### Instructions to follow
Would you please print the data a second time, exactly as it stands?

### Excerpted data
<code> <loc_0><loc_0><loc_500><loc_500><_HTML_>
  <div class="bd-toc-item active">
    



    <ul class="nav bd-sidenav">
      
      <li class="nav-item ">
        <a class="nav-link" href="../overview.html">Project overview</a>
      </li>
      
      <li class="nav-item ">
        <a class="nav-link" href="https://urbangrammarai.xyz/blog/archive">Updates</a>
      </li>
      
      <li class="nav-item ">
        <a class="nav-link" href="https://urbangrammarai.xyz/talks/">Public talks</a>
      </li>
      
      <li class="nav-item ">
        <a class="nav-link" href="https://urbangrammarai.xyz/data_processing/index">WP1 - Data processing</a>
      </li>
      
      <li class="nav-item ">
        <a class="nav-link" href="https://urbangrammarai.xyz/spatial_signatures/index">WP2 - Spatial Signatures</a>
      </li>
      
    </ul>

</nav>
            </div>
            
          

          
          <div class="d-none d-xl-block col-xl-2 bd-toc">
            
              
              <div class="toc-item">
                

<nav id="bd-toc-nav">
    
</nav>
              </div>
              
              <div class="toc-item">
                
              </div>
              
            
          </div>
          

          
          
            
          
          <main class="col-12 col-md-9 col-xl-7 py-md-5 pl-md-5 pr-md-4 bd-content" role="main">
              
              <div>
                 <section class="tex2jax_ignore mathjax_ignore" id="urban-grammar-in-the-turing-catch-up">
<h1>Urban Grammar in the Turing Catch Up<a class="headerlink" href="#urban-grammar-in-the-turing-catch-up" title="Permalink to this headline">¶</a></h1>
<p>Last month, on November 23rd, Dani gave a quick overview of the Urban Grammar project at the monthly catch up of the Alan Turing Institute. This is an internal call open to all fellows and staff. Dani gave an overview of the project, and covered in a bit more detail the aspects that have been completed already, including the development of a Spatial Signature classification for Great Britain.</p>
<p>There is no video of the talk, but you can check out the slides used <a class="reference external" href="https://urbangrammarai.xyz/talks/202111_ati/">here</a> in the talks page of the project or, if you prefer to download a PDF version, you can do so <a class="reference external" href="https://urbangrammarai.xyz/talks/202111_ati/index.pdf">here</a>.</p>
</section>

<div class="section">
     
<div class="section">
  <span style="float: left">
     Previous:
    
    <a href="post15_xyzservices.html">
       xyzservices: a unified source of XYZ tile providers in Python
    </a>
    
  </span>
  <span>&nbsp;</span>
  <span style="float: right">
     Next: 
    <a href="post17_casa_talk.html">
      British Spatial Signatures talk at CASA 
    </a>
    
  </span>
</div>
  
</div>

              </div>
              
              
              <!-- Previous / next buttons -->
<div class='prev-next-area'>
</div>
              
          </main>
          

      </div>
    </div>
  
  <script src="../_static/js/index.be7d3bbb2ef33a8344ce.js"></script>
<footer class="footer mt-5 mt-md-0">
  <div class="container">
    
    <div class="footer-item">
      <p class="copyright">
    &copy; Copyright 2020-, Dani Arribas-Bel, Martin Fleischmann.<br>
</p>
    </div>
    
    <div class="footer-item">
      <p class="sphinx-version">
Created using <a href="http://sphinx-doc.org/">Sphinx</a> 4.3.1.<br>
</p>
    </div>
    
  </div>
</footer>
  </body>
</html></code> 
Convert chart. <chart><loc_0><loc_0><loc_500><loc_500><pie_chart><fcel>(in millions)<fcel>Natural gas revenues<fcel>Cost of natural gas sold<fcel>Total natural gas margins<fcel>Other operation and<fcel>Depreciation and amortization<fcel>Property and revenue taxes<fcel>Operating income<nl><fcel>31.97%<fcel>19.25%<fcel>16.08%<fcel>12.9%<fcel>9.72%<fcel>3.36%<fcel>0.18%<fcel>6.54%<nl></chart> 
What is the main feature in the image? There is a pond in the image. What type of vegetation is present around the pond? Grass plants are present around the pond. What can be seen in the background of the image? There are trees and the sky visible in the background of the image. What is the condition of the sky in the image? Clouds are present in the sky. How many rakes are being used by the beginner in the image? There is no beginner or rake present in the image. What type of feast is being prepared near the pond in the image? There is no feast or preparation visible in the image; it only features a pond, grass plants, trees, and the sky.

### Written response
<code> <loc_0><loc_0><loc_500><loc_500><_HTML_>
  <div class="bd-toc-item active">
    



    <ul class="nav bd-sidenav">
      
      <li class="nav-item ">
        <a class="nav-link" href="../overview.html">Project overview</a>
      </li>
      
      <li class="nav-item ">
        <a class="nav-link" href="https://urbangrammarai.xyz/blog/archive">Updates</a>
      </li>
      
      <li class="nav-item ">
        <a class="nav-link" href="https://urbangrammarai.xyz/talks/">Public talks</a>
      </li>
      
      <li class="nav-item ">
        <a class="nav-link" href="https://urbangrammarai.xyz/data_processing/index">WP1 - Data processing</a>
      </li>
      
      <li class="nav-item ">
        <a class="nav-link" href="https://urbangrammarai.xyz/spatial_signatures/index">WP2 - Spatial Signatures</a>
      </li>
      
    </ul>

</nav>
            </div>
            
          

          
          <div class="d-none d-xl-block col-xl-2 bd-toc">
            
              
              <div class="toc-item">
                

<nav id="bd-toc-nav">
    
</nav>
              </div>
              
              <div class="toc-item">
                
              </div>
              
            
          </div>
          

          
          
            
          
          <main class="col-12 col-md-9 col-xl-7 py-md-5 pl-md-5 pr-md-4 bd-content" role="main">
              
              <div>
                 <section class="tex2jax_ignore mathjax_ignore" id="urban-grammar-in-the-turing-catch-up">
<h1>Urban Grammar in the Turing Catch Up<a class="headerlink" href="#urban-grammar-in-the-turing-catch-up" title="Permalink to this headline">¶</a></h1>
<p>Last month, on November 23rd, Dani gave a quick overview of the Urban Grammar project at the monthly catch up of the Alan Turing Institute. This is an internal call open to all fellows and staff. Dani gave an overview of the project, and covered in a bit more detail the aspects that have been completed already, including the development of a Spatial Signature classification for Great Britain.</p>
<p>There is no video of the talk, but you can check out the slides used <a class="reference external" href="https://urbangrammarai.xyz/talks/202111_ati/">here</a> in the talks page of the project or, if you prefer to download a PDF version, you can do so <a class="reference external" href="https://urbangrammarai.xyz/talks/202111_ati/index.pdf">here</a>.</p>
</section>

<div class="section">
     
<div class="section">
  <span style="float: left">
     Previous:
    
    <a href="post15_xyzservices.html">
       xyzservices: a unified source of XYZ tile providers in Python
    </a>
    
  </span>
  <span>&nbsp;</span>
  <span style="float: right">
     Next: 
    <a href="post17_casa_talk.html">
      British Spatial Signatures talk at CASA 
    </a>
    
  </span>
</div>
  
</div>

              </div>
              
              
              <!-- Previous / next buttons -->
<div class='prev-next-area'>
</div>
              
          </main>
          

      </div>
    </div>
  
  <script src="../_static/js/index.be7d3bbb2ef33a8344ce.js"></script>
<footer class="footer mt-5 mt-md-0">
  <div class="container">
    
    <div class="footer-item">
      <p class="copyright">
    &copy; Copyright 2020-, Dani Arribas-Bel, Martin Fleischmann.<br>
</p>
    </div>
    
    <div class="footer-item">
      <p class="sphinx-version">
Created using <a href="http://sphinx-doc.org/">Sphinx</a> 4.3.1.<br>
</p>
    </div>
    
  </div>
</footer>
  </body>
</html></code> 
Convert chart. <chart><loc_0><loc_0><loc_500><loc_500><pie_chart><fcel>(in millions)<fcel>Natural gas revenues<fcel>Cost of natural gas sold<fcel>Total natural gas margins<fcel>Other operation and<fcel>Depreciation and amortization<fcel>Property and revenue taxes<fcel>Operating income<nl><fcel>31.97%<fcel>19.25%<fcel>16.08%<fcel>12.9%<fcel>9.72%<fcel>3.36%<fcel>0.18%<fcel>6.54%<nl></chart> 
What is the main feature in the image? There is a pond in the image. What type of vegetation is present around the pond? Grass plants are present around the pond. What can be seen in the background of the image? There are trees and the sky visible in the background of the image. What is the condition of the sky in the image? Clouds are present in the sky. How many rakes are being used by the beginner in the image? There is no beginner or rake present in the image. What type of feast is being prepared near the pond in the image? There is no feast or preparation visible in the image; it only features a pond, grass plants, trees, and the sky.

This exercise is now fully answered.